The divergence of a gradient-vector-field is the trace of the jacobian of the time-derivative-vector-field.
\(\text{det}(I + \epsilon A) = 1 + \epsilon\ \text{trace}(A) + \mathscr{O}(\epsilon^2)\)
\(\text{vol}(D(t)) \triangleq \displaystyle \int \text{det}\Big(\frac{\partial \varphi_t}{\partial y}\big) dV\) and \(\varphi_t(y) \triangleq y + t f(y) + \mathscr{O}(t^2)\)

In terms of the physical intuition the divergence is kind of the instantaneous change in the strength of a vector-field wrt to the phase-space.

Symplecticness of the jacobian of the hamiltonian

Weyl came up with the word "symplectic" as a substitute for the word "complex". When a system of differential equations is symplectic then that means that the jacobian matrix is a symplectic matrix, and a symplectic matrix has a type of "weird" skew-symmetric "similarity" structure. A symplectic matrix is a \(2n \times 2n\) matrix with real entries that satisfies the condition \( M^T \Omega M = \Omega \) where \(\Omega\) is a fixed nonsingular, skew-symmetric matrix. Symplectic matrices are nonsingular, they have determinant +1 and their inverse matrix can be easily found as \(M^{-1} = \Omega^{-1} M^T \Omega\). They form a subgroup of the general linear group under matrix multiplication. Volume preservation under a linear operator is naturally implied by symplecticness.

The time evolution of Hamilton's equations is a "symplectomorphism" because it conserved the symplectic 2-form. A 2-form is a function that measures oriented areas. A numerical scheme for the discretization of a differential equation is a symplectic integrator if it also conserves this 2-form. Most of the usual numerical methods like the Euler scheme and the Runge-Kutta scheme are not symplectic therefore other methods like the leap-frog method are needed. Remember that when we are doing numerical integration then the whole game is in coming up with the right sequence of discrete which will not produce compounding errors.

For example, consider this example where the position and momentum are both 1-dim values and the kinetic energy is momentum-squared and potential energy is position-squared. Then

\[ \frac{dq}{dt} = p, \text{ and } \frac{dp}{dt} = -q \implies \frac{d^2p}{d^2t} = -p \]

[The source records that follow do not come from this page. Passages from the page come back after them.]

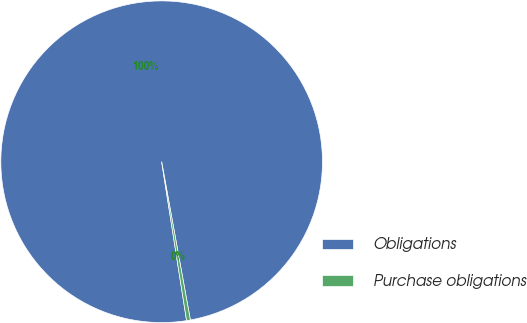Convert chart. <chart><loc_0><loc_0><loc_500><loc_500><pie_chart><fcel>Obligations<fcel>Purchase obligations<nl><fcel>99.62%<fcel>0.38%<nl></chart> 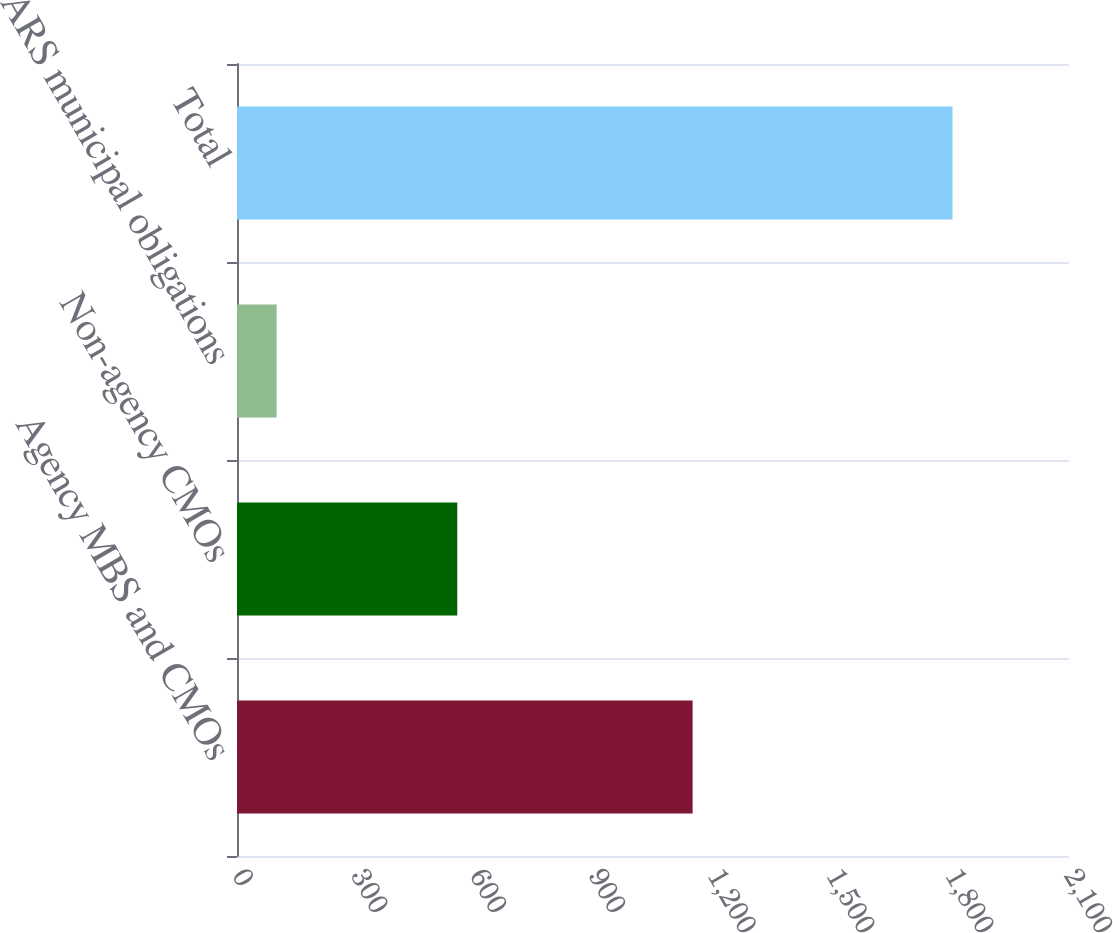<chart> <loc_0><loc_0><loc_500><loc_500><bar_chart><fcel>Agency MBS and CMOs<fcel>Non-agency CMOs<fcel>ARS municipal obligations<fcel>Total<nl><fcel>1150<fcel>556<fcel>100<fcel>1806<nl></chart> 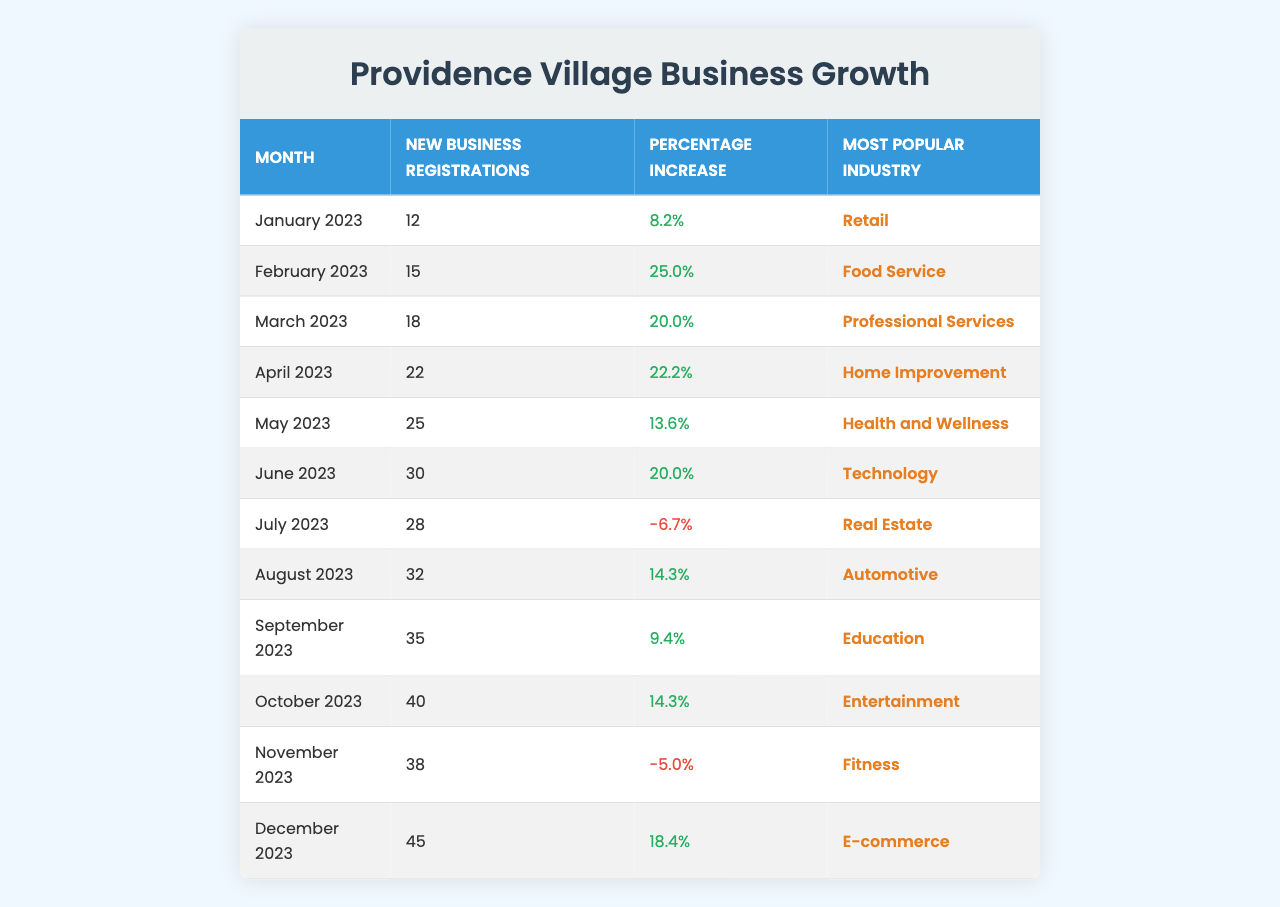What was the month with the highest number of new business registrations? Looking at the "New Business Registrations" column, December 2023 has the highest count with 45 registrations.
Answer: December 2023 Which month had a decrease in new business registrations? The table shows that July 2023 and November 2023 both had a decrease in registrations, marked by negative percentages in the "Percentage Increase" column.
Answer: July 2023 and November 2023 What is the percentage increase of new business registrations from January 2023 to February 2023? The registrations increased from 12 in January to 15 in February. The percentage increase is calculated as ((15 - 12) / 12) * 100 = 25.0%.
Answer: 25.0% How many new business registrations were there in June 2023? Referring to the "New Business Registrations" column, June 2023 has 30 new registrations.
Answer: 30 What is the most popular industry for new business registrations in October 2023? The "Most Popular Industry" column indicates that the most popular industry in October 2023 was Entertainment.
Answer: Entertainment What was the overall increase in new business registrations from January 2023 to December 2023? The registrations increased from 12 in January to 45 in December. The overall increase is 45 - 12 = 33 registrations.
Answer: 33 Which month had the highest percentage increase in new business registrations? By checking the "Percentage Increase" column, February 2023 had the highest percentage increase with 25.0%.
Answer: February 2023 In which month did Health and Wellness become the most popular industry? The "Most Popular Industry" column shows that Health and Wellness was the leading industry in May 2023.
Answer: May 2023 What is the average new business registrations for the months depicted in the table? Adding the registrations from all months gives 12 + 15 + 18 + 22 + 25 + 30 + 28 + 32 + 35 + 40 + 38 + 45 =  388. Dividing by 12 months, the average is 388 / 12 = 32.33.
Answer: 32.33 Is there a month where the number of new registrations decreased compared to the previous month? Yes, both July 2023 and November 2023 showed decreases in registrations relative to the prior months.
Answer: Yes

which means that p is a sinusoidal function. Now if we try to do numerical integration of this system of differential equations by the following scheme called the euler-scheme

\[ \begin{align} p(t+\epsilon) := p(t) + \epsilon \dot{p} (t) = p(t) - \epsilon q(t)\\ q(t+\epsilon) = q(t) + \epsilon \dot{q}(t) = q(t) + \epsilon p(t) \end{align} \]

then we can see that this discretization is non-symplectic because the matrix looks like this \( \begin{bmatrix}1 & -\epsilon \\ \epsilon & 1 \end{bmatrix} \)which has determinant \( 1 + \epsilon^2 \) otoh if we do discretization in this manner

\[ \begin{align} p(t+\epsilon) &:= p(t) + \epsilon \dot{p} (t) &&= p(t) - \epsilon q(t)\\ q(t+\epsilon) &= q(t) + \epsilon \dot{q}(t+\epsilon) &&= q(t) + \epsilon p(t+\epsilon) \end{align} \]

then the transformation is \( \begin{bmatrix}1 & -\epsilon \\ \epsilon & 1-\epsilon^2\end{bmatrix} \) which has determinant 1 !! So this simple "gibbs-sampling" style sequential update does wonders. The leapfrog method is even better for integrating symplectic systems because it works as follows, first do a half-update to momentum, then a full update to position, and then the remaining half update to momentum.